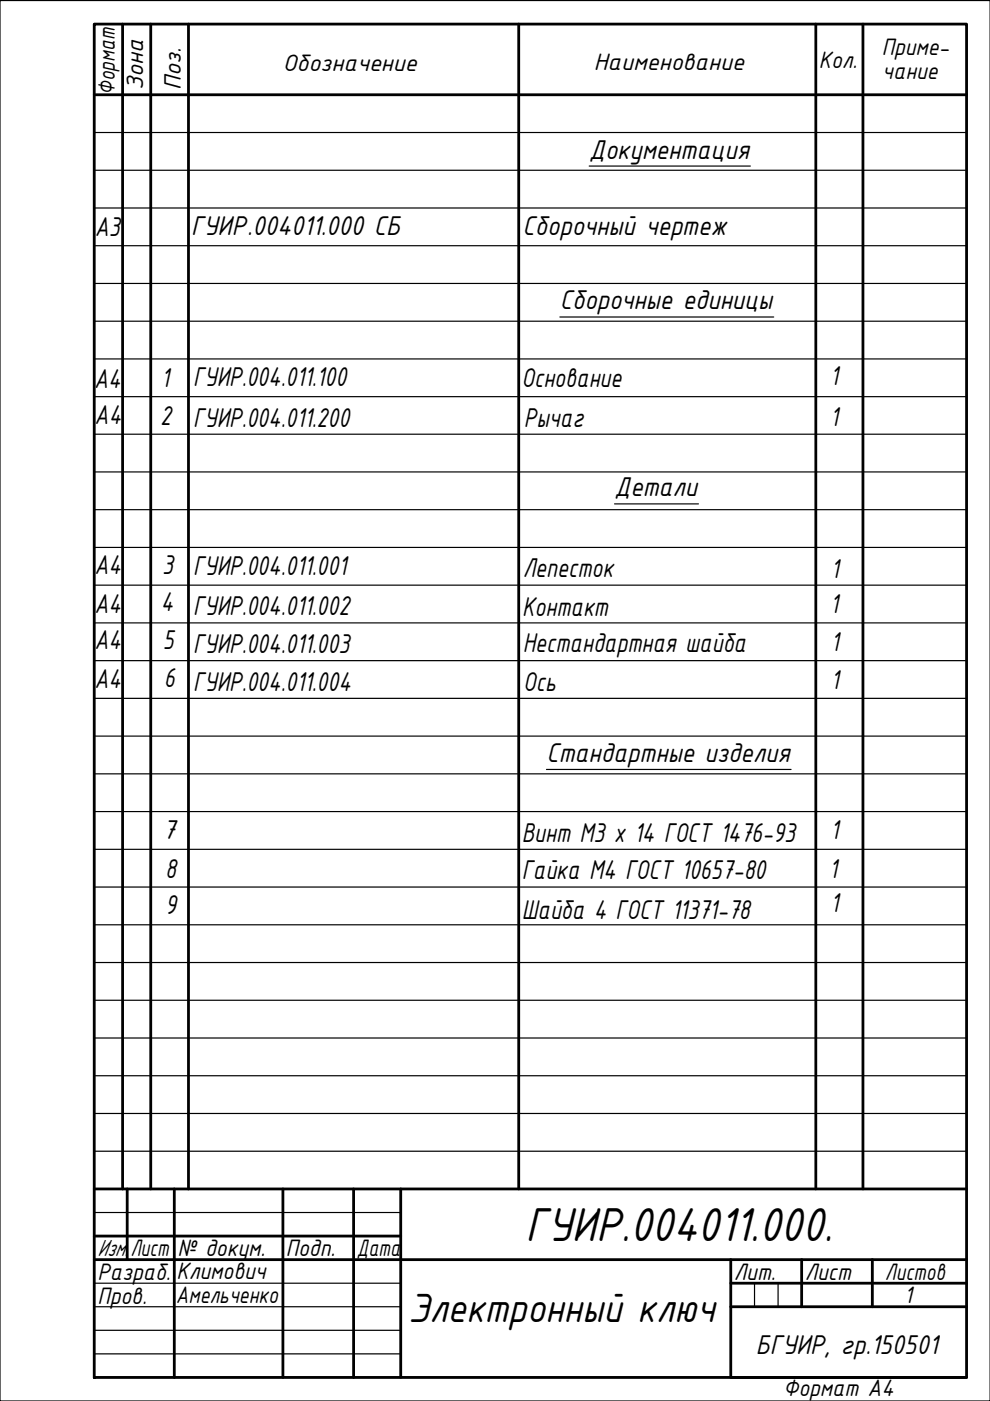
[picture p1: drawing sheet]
<svg xmlns="http://www.w3.org/2000/svg" width="210mm" height="297mm" viewBox="0 0 210 297" stroke-linecap="round" stroke-linejoin="round" font-family="sans-serif">
<defs><g id="words">
<text font-size="10.9" x="111.4" y="263.1">ГУИР.004011.000.</text>
<text font-size="9.3" x="86.5" y="280.2">Электронный ключ</text>
<g font-size="6.2">
<text x="124.9" y="33.6">Документация</text>
<text x="20.1" y="50.1">А3</text>
<text x="40.6" y="49.7">ГУИР.004011.000 СБ</text>
<text x="110.8" y="49.8">Сборочный чертеж</text>
<text x="118.7" y="65.6">Сборочные единицы</text>
<text x="19.9" y="82.4">А4</text>
<text x="34.2" y="82">1</text>
<text x="41" y="81.9">ГУИР.004.011.100</text>
<text x="110.6" y="82.2">Основание</text>
<text x="176" y="81.6">1</text>
<text x="20.1" y="89.9">А4</text>
<text x="34" y="90.2">2</text>
<text x="41" y="90.5">ГУИР.004.011.200</text>
<text x="111.1" y="90.6">Рычаг</text>
<text x="176" y="90.4">1</text>
<text x="130.3" y="105.2">Детали</text>
<text x="20" y="121.7">А4</text>
<text x="34.4" y="121.7">3</text>
<text x="41" y="121.8">ГУИР.004.011.001</text>
<text x="110.8" y="122.4">Лепесток</text>
<text x="176.1" y="122.5">1</text>
<text x="20" y="130">А4</text>
<text x="34.1" y="129.6">4</text>
<text x="41" y="130.4">ГУИР.004.011.002</text>
<text x="110.7" y="130.6">Контакт</text>
<text x="176" y="130">1</text>
<text x="20" y="137.7">А4</text>
<text x="34.5" y="137.7">5</text>
<text x="176.1" y="138">1</text>
<text x="41" y="138.4">ГУИР.004.011.003</text>
<text x="110.8" y="138.3">Нестандартная шайба</text>
<text x="20" y="145.9">А4</text>
<text x="34.7" y="145.6">6</text>
<text x="41" y="146.5">ГУИР.004.011.004</text>
<text x="111" y="146.5">Ось</text>
<text x="176.1" y="146.2">1</text>
<text x="115.9" y="161.5">Стандартные изделия</text>
<text x="34.5" y="178">7</text>
<text x="110.6" y="178.6">Винт М3 х 14 ГОСТ 1476-93</text>
<text x="176.1" y="177.8">1</text>
<text x="35" y="186.2">8</text>
<text x="110.7" y="186.4">Гайка М4 ГОСТ 10657-80</text>
<text x="175.8" y="186.2">1</text>
<text x="35" y="193.8">9</text>
<text x="110.7" y="194.8">Шайба 4 ГОСТ 11371-78</text>
<text x="176.1" y="193.4">1</text>
<text x="160.2" y="287.2">БГУИР, гр.150501</text>
</g>
<g font-size="5.4">
<text x="186.9" y="11.7">Приме-</text>
<text x="59.9" y="15">Обозначение</text>
<text x="125.9" y="14.8">Наименование</text>
<text x="173.6" y="14.5">Кол.</text>
<text x="187.1" y="16.7">чание</text>
<text x="24.3" y="20.1" transform="rotate(-90 24.3 20.1)">Формат</text>
<text x="30.4" y="19" transform="rotate(-90 30.4 19)">Зона</text>
<text x="38.4" y="19" transform="rotate(-90 38.4 19)">Поз.</text>
<text x="20.7" y="266.3">Изм.</text>
<text x="27.6" y="266.3">Лист</text>
<text x="37.6" y="266.3">№ докум.</text>
<text x="60.6" y="266.3">Подп.</text>
<text x="75.6" y="266.3">Дата</text>
<text x="20.7" y="271.3">Разраб.</text>
<text x="37.4" y="271.2">Климович</text>
<text x="155.6" y="271.3">Лит.</text>
<text x="170.6" y="271.3">Лист</text>
<text x="187.6" y="271.3">Листов</text>
<text x="20.7" y="276.4">Пров.</text>
<text x="37.3" y="276.2">Амельченко</text>
<text x="191.7" y="276.3">1</text>
<text x="166" y="296">Формат А4</text>
</g>
</g></defs>
<!-- layer: 0 -->
<g fill="none" stroke="#000" stroke-width=".59">
<path d="M20 5.1h184.9v286.9h-184.9zM26 5.1v247M32 5.1v247M40 5.1v247M110 5.1v247M173 5.1v247M183 5.1v247M20 20.1h184.9M20 252.1h184.9M27 252.1v15M37 252.1v39.9M60 252.1v39.9"/>
<path d="M75 252.1v39.9M85 252.1v39.9M20 267.1h184.9M20 262.1h65M154.9 267.1v24.9h50M154.9 272.1h50M154.9 277.1h50M170 267.1v10M185 267.1v10"/>
</g>
<g fill="none" stroke="#000" stroke-width=".25">
<path d="M0 .1h209.9v296.9h-209.9zM20 5.1v15M40 5.1h70M173 5.1h10M20 28.1h184.9M20 36.1h184.9M124.9 35.2h34.2M20 44.1h184.9M20 52.1h184.9M20 60.1h184.9M20 68.1h184.9M20 76.1h184.9"/>
<path d="M118.7 67.2h45.3M20 84.1h184.9M20 92.1h184.9M20 100.1h184.9M20 108.1h184.9M20 116.1h184.9M130.3 106.8h17.8M20 124.1h184.9M20 132.1h184.9M20 140.1h184.9M20 148.1h184.9M20 156.1h184.9"/>
<path d="M20 164.1h184.9M20 172.1h184.9M115.9 163.1h51.8M20 180.1h184.9M20 188.1h184.9M20 196.1h184.9M20 204.1h184.9M20 212.1h184.9M20 220.1h184.9M20 228.1h184.9M20 236.1h184.9M20 257.1h65"/>
<path d="M20 244.1h184.9M20 262.1h65M20 267.1h65M20 277.1h65M20 272.1h65M154.9 267.1v5M160 272.1v5M165 272.1v5M20 282.1h65M20 287h65M20 292h184.9"/>
</g>
<use href="#words"/>
</svg>

_How to complete this task_: Above are the records; repeat them exactly, omitting every picture.

_Response to the exercise_:
[picture p1: drawing sheet]
<svg xmlns="http://www.w3.org/2000/svg" width="210mm" height="297mm" viewBox="0 0 210 297" stroke-linecap="round" stroke-linejoin="round" font-family="sans-serif">
<defs><g id="words">
<text font-size="10.9" x="111.4" y="263.1">ГУИР.004011.000.</text>
<text font-size="9.3" x="86.5" y="280.2">Электронный ключ</text>
<g font-size="6.2">
<text x="124.9" y="33.6">Документация</text>
<text x="20.1" y="50.1">А3</text>
<text x="40.6" y="49.7">ГУИР.004011.000 СБ</text>
<text x="110.8" y="49.8">Сборочный чертеж</text>
<text x="118.7" y="65.6">Сборочные единицы</text>
<text x="19.9" y="82.4">А4</text>
<text x="34.2" y="82">1</text>
<text x="41" y="81.9">ГУИР.004.011.100</text>
<text x="110.6" y="82.2">Основание</text>
<text x="176" y="81.6">1</text>
<text x="20.1" y="89.9">А4</text>
<text x="34" y="90.2">2</text>
<text x="41" y="90.5">ГУИР.004.011.200</text>
<text x="111.1" y="90.6">Рычаг</text>
<text x="176" y="90.4">1</text>
<text x="130.3" y="105.2">Детали</text>
<text x="20" y="121.7">А4</text>
<text x="34.4" y="121.7">3</text>
<text x="41" y="121.8">ГУИР.004.011.001</text>
<text x="110.8" y="122.4">Лепесток</text>
<text x="176.1" y="122.5">1</text>
<text x="20" y="130">А4</text>
<text x="34.1" y="129.6">4</text>
<text x="41" y="130.4">ГУИР.004.011.002</text>
<text x="110.7" y="130.6">Контакт</text>
<text x="176" y="130">1</text>
<text x="20" y="137.7">А4</text>
<text x="34.5" y="137.7">5</text>
<text x="176.1" y="138">1</text>
<text x="41" y="138.4">ГУИР.004.011.003</text>
<text x="110.8" y="138.3">Нестандартная шайба</text>
<text x="20" y="145.9">А4</text>
<text x="34.7" y="145.6">6</text>
<text x="41" y="146.5">ГУИР.004.011.004</text>
<text x="111" y="146.5">Ось</text>
<text x="176.1" y="146.2">1</text>
<text x="115.9" y="161.5">Стандартные изделия</text>
<text x="34.5" y="178">7</text>
<text x="110.6" y="178.6">Винт М3 х 14 ГОСТ 1476-93</text>
<text x="176.1" y="177.8">1</text>
<text x="35" y="186.2">8</text>
<text x="110.7" y="186.4">Гайка М4 ГОСТ 10657-80</text>
<text x="175.8" y="186.2">1</text>
<text x="35" y="193.8">9</text>
<text x="110.7" y="194.8">Шайба 4 ГОСТ 11371-78</text>
<text x="176.1" y="193.4">1</text>
<text x="160.2" y="287.2">БГУИР, гр.150501</text>
</g>
<g font-size="5.4">
<text x="186.9" y="11.7">Приме-</text>
<text x="59.9" y="15">Обозначение</text>
<text x="125.9" y="14.8">Наименование</text>
<text x="173.6" y="14.5">Кол.</text>
<text x="187.1" y="16.7">чание</text>
<text x="24.3" y="20.1" transform="rotate(-90 24.3 20.1)">Формат</text>
<text x="30.4" y="19" transform="rotate(-90 30.4 19)">Зона</text>
<text x="38.4" y="19" transform="rotate(-90 38.4 19)">Поз.</text>
<text x="20.7" y="266.3">Изм.</text>
<text x="27.6" y="266.3">Лист</text>
<text x="37.6" y="266.3">№ докум.</text>
<text x="60.6" y="266.3">Подп.</text>
<text x="75.6" y="266.3">Дата</text>
<text x="20.7" y="271.3">Разраб.</text>
<text x="37.4" y="271.2">Климович</text>
<text x="155.6" y="271.3">Лит.</text>
<text x="170.6" y="271.3">Лист</text>
<text x="187.6" y="271.3">Листов</text>
<text x="20.7" y="276.4">Пров.</text>
<text x="37.3" y="276.2">Амельченко</text>
<text x="191.7" y="276.3">1</text>
<text x="166" y="296">Формат А4</text>
</g>
</g></defs>
<!-- layer: 0 -->
<g fill="none" stroke="#000" stroke-width=".59">
<path d="M20 5.1h184.9v286.9h-184.9zM26 5.1v247M32 5.1v247M40 5.1v247M110 5.1v247M173 5.1v247M183 5.1v247M20 20.1h184.9M20 252.1h184.9M27 252.1v15M37 252.1v39.9M60 252.1v39.9"/>
<path d="M75 252.1v39.9M85 252.1v39.9M20 267.1h184.9M20 262.1h65M154.9 267.1v24.9h50M154.9 272.1h50M154.9 277.1h50M170 267.1v10M185 267.1v10"/>
</g>
<g fill="none" stroke="#000" stroke-width=".25">
<path d="M0 .1h209.9v296.9h-209.9zM20 5.1v15M40 5.1h70M173 5.1h10M20 28.1h184.9M20 36.1h184.9M124.9 35.2h34.2M20 44.1h184.9M20 52.1h184.9M20 60.1h184.9M20 68.1h184.9M20 76.1h184.9"/>
<path d="M118.7 67.2h45.3M20 84.1h184.9M20 92.1h184.9M20 100.1h184.9M20 108.1h184.9M20 116.1h184.9M130.3 106.8h17.8M20 124.1h184.9M20 132.1h184.9M20 140.1h184.9M20 148.1h184.9M20 156.1h184.9"/>
<path d="M20 164.1h184.9M20 172.1h184.9M115.9 163.1h51.8M20 180.1h184.9M20 188.1h184.9M20 196.1h184.9M20 204.1h184.9M20 212.1h184.9M20 220.1h184.9M20 228.1h184.9M20 236.1h184.9M20 257.1h65"/>
<path d="M20 244.1h184.9M20 262.1h65M20 267.1h65M20 277.1h65M20 272.1h65M154.9 267.1v5M160 272.1v5M165 272.1v5M20 282.1h65M20 287h65M20 292h184.9"/>
</g>
<use href="#words"/>
</svg>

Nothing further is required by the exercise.